TRAMA
Un uomo lavora come meccanico, soffre di svenimenti, il medico gli fa delle sconce profferte, viene corteggiato da un collega. A casa una dolce moglie lo attende. E’ in realtà una donna.
RECENSIONI
E' difficilissimo avere a che fare con questo prodotto del Bangladesh, premiato al Torino film Festival 2002, la distanza culturale che separa lo scrivente, occidentale, dalle strutture portanti orientali ha le proporzioni di una voragine. Asoka Handagama non offre uno sguardo globalizzato sul suo Paese e sulle persone, non si tratta di un format da "aiuti umanitari", non c'è alcuno stereotipo che possa far alzare indici ammonitori, ma soprattutto fornire un qualche appiglio. Una vicenda da melo. Così dicendo lo avviciniamo a canoni di comprensione ed analisi sminuendone allo stesso tempo i tratti: "Le bambine, sin da piccolissime, capiscono che la loro femminilità è una creazione dell'ordine sociale.[…] Il risultato è che tutte vogliono essere anche uomini. Questo desiderio, crescendo diviene un dilemma". La protagonista ha vissuto tutto questo ed ora fronteggia la rottura, mai ha confessato la sua reale femminilità, nemmeno alla moglie, ma non è possibile alcun ripensamento data la condizione delle donne che la/lo circondano. Sottomesse, sfruttate, oggetti sessuali. Non c'è un briciolo di felicità, a casa, alla fine, la moglie, che confessa di avere sempre saputo la verità le concede un istante di sollievo.
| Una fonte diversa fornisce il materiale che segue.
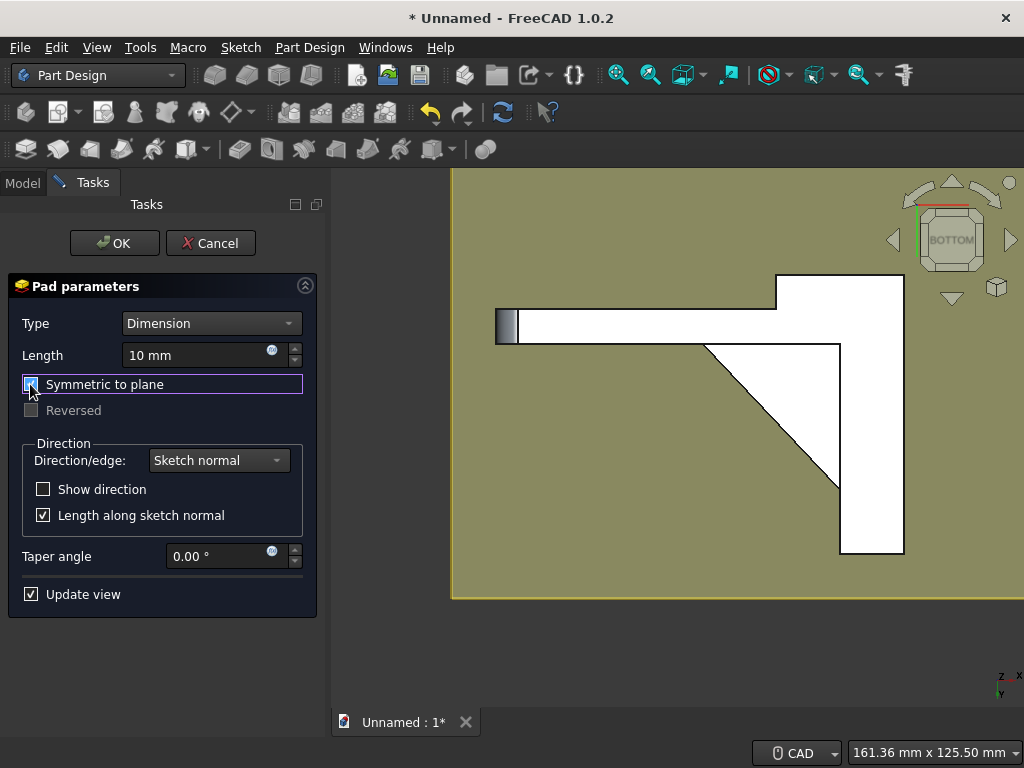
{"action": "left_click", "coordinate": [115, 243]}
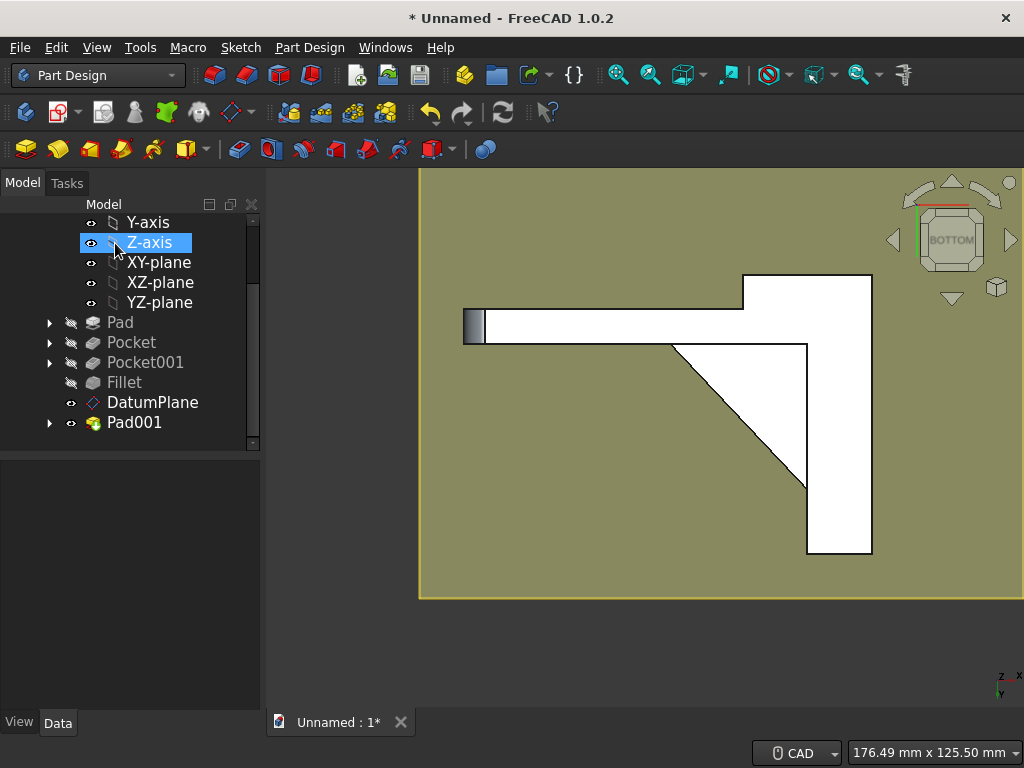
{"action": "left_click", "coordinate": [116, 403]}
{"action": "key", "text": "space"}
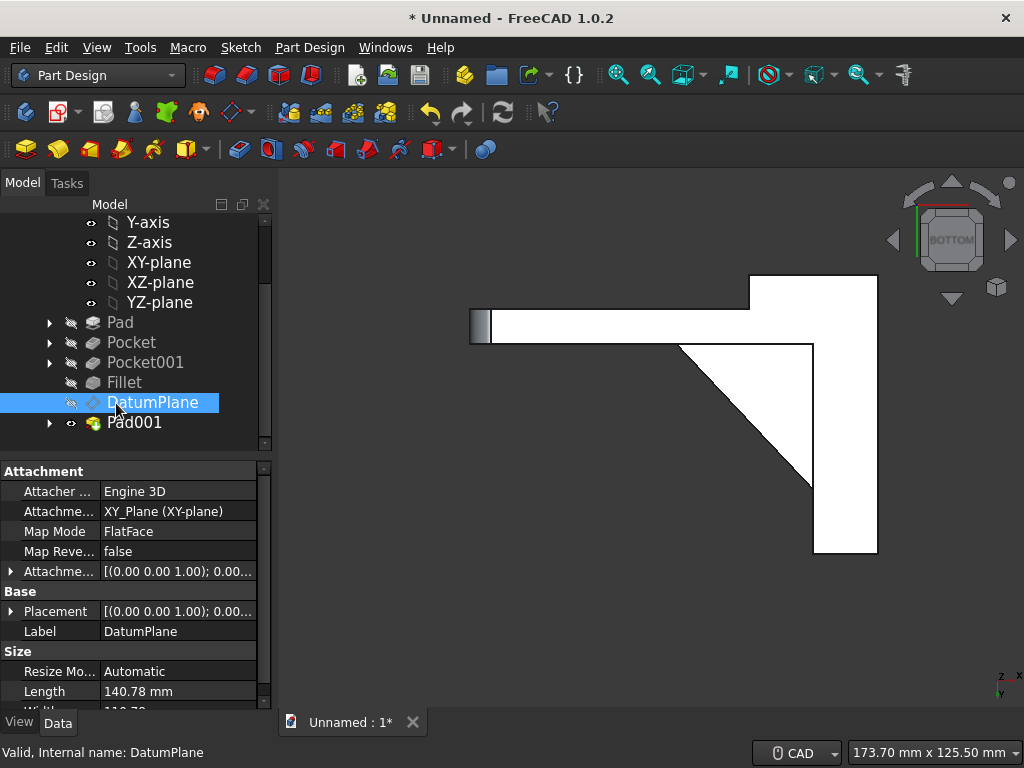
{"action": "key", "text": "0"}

I registri si intrecciano, dal dramma più cupo alla commedia (i personaggi del medico e del datore di lavoro)(le situazioni che ricorrono quasi identiche) al resoconto sociale/esistenziale, l'evidente povertà del budget costringe a soluzioni tecniche grottesche (i dialoghi in campo/controcampo doppiati così: la voce del parlante è sempre off, in primo piano l'ascoltatore) ma un nocciolo di disagio che è difficile da dimenticare si innesta. Rimane difficile dire e soprattutto valutare tutto questo.

Donna, Uomo o Persona?
Un plot da fare invidia ad Almodovar diventa specchio della degradante condizione femminile in una società (siamo nello Sri Lanka) fondata esclusivamente sulla fragile, ostentata e mai messa in discussione virilità maschile. La protagonista si finge infatti un uomo e si trova al centro di un labirinto di passioni da cui non riesce ad uscire indenne: è desiderata da un uomo come uomo, è amata da un uomo come donna, ed è pure sposata ad una donna che conosce la verità ma non vuole perdere i privilegi di moglie. Il taglio grottesco stempera la drammaticità delle tinte e più che i risvolti psicologici sembrano interessare al regista quelli politici. Sappiamo infatti quasi niente del passato della protagonista, delle motivazioni che l'hanno portata a forzare la sua natura e più che sulle difficoltà emotive conseguenti alla sua scelta, il regista si sofferma sulle conseguenze sociali. La protagonista non fatica ad accettarsi come donna essendo un uomo, semplicemente non vuole essere una donna, costretta a sopportare le angherie del marito, servire e pulire tutto il giorno, subire le molestie sessuali al lavoro e per strada. Ed alla fine il regista riesce, con ironia, sguardo brillante (non per questo meno tragico) e senza cadere nel didascalico, a mettere in scena una società assurda, dove i bisogni del singolo sono annullati a favore delle sicurezze offerte dal perpetuarsi della tradizione.